Kubernetes v1.2 offers an alpha version of the first piece of the affinity mechanism, called [node affinity](../../design/nodeaffinity.md).
There are currently two types of node affinity, called `requiredDuringSchedulingIgnoredDuringExecution` and
`preferresDuringSchedulingIgnoredDuringExecution`. You can think of them as "hard" and "soft" respectively,
in the sense that the former specifies rules that *must* be met for a pod to schedule onto a node (just like
`nodeSelector` but using a more expressive syntax), while the latter specifies *preferences* that the scheduler
will try to enforce but will not guarantee. The "IgnoredDuringExecution" part of the names means that, similar
to how `nodeSelector` works, if labels on a node change at runtime such that the rules on a pod are no longer
met, the pod will still continue to run on the node. In the future we plan to offer
`requiredDuringSchedulingRequiredDuringExecution` which will be just like `requiredDuringSchedulingIgnoredDuringExecution`
except that it will evict pods from nodes that cease to satisfy the pods' node affinity requirements.

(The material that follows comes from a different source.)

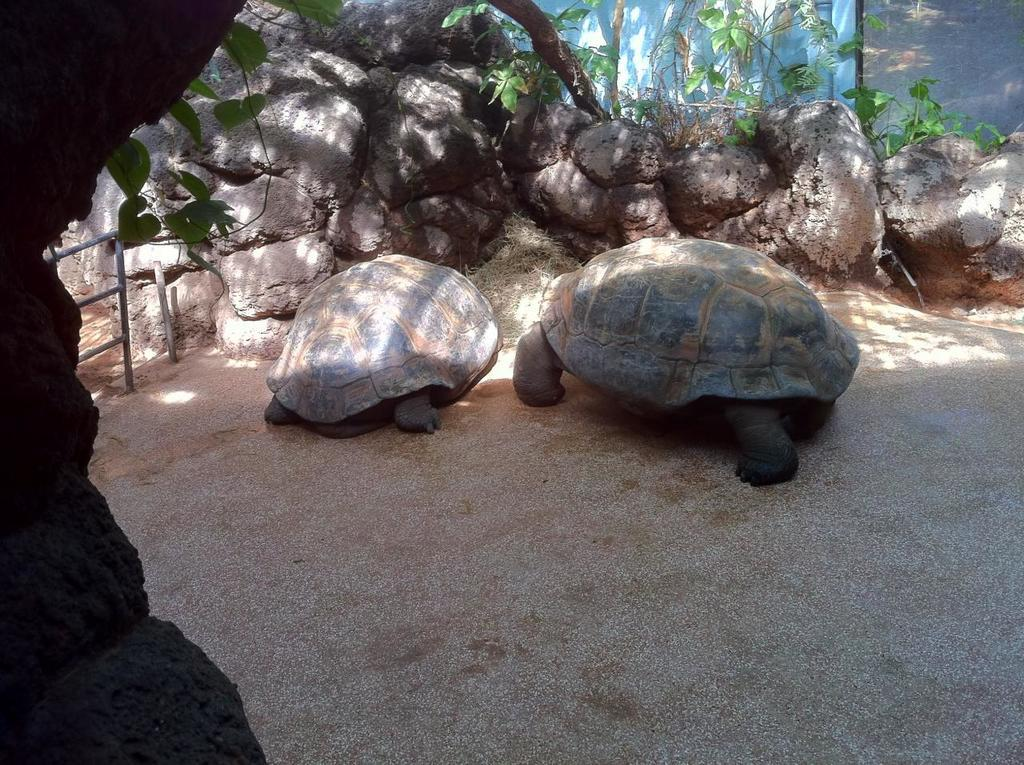How many turtles can be seen in the image? There are two turtles in the image. What type of natural elements are visible in the image? Rocks and trees are present in the image. What type of man-made structures can be seen in the image? A metal rod fence and a wall are visible in the image. Can you describe the location of the tree in the image? There is a tree on the left side of the image. What is the distance between the turtles and the tank in the image? There is no tank present in the image, so it is not possible to determine the distance between the turtles and a tank.

Node affinity is currently expressed using an annotation on Pod. In v1.3 it will use a field, and we will
also introduce the second piece of the affinity mechanism, called [pod affinity](../../design/podaffinity.md),
which allows you to control whether a pod schedules onto a particular node based on which other pods are
running on the node, rather than the labels on the node.

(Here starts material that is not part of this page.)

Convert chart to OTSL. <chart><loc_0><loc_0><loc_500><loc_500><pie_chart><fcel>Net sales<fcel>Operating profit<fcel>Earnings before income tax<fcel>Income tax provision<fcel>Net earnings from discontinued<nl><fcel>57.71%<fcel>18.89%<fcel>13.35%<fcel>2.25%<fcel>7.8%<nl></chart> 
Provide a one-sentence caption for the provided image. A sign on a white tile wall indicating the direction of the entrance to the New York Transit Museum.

Here's an example of a pod that uses node affinity:
```yaml
apiVersion: v1
kind: Pod
metadata:
name: with-labels
annotations:
scheduler.alpha.kubernetes.io/affinity: >
{
"nodeAffinity": {
"requiredDuringSchedulingIgnoredDuringExecution": {
"nodeSelectorTerms": [
{
"matchExpressions": [
{
"key": "kubernetes.io/e2e-az-name",
"operator": "In",
"values": ["e2e-az1", "e2e-az2"]
}
]
}
]
},
"preferredDuringSchedulingIgnoredDuringExecution": [
{
"weight": 10,
"preference": {"matchExpressions": [
{
"key": "foo",
"operator": "In", "values": ["bar"]
}
]}
}
]
}
}
another-annotation-key: another-annotation-value
spec:
containers:
- name: with-labels
image: gcr.io/google_containers/pause:2.0
```
This node affinity rule says the pod can only be placed on a node with a label whose key is
`kubernetes.io/e2e-az-name` and whose value is either `e2e-az1` or `e2e-az2`. In addition,
among nodes that meet that criteria, nodes with a label whose key is `foo` and whose
value is `bar` should be preferred.
If you specify both `nodeSelector` and `nodeAffinity`, *both* must be satisfied for the pod
to be scheduled onto a candidate node.
### Built-in node labels
In addition to labels you [attach yourself](#step-one-attach-label-to-the-node), nodes come pre-populated
with a standard set of labels. As of Kubernetes v1.2 these labels are
* `kubernetes.io/hostname`
* `failure-domain.beta.kubernetes.io/zone`
* `failure-domain.beta.kubernetes.io/region`
* `beta.kubernetes.io/instance-type`
### Conclusion
While this example only covered one node, you can attach labels to as many nodes as you want. Then when you schedule a pod with a nodeSelector, it can be scheduled on any of the nodes that satisfy that nodeSelector. Be careful that it will match at least one node, however, because if it doesn't the pod won't be scheduled at all.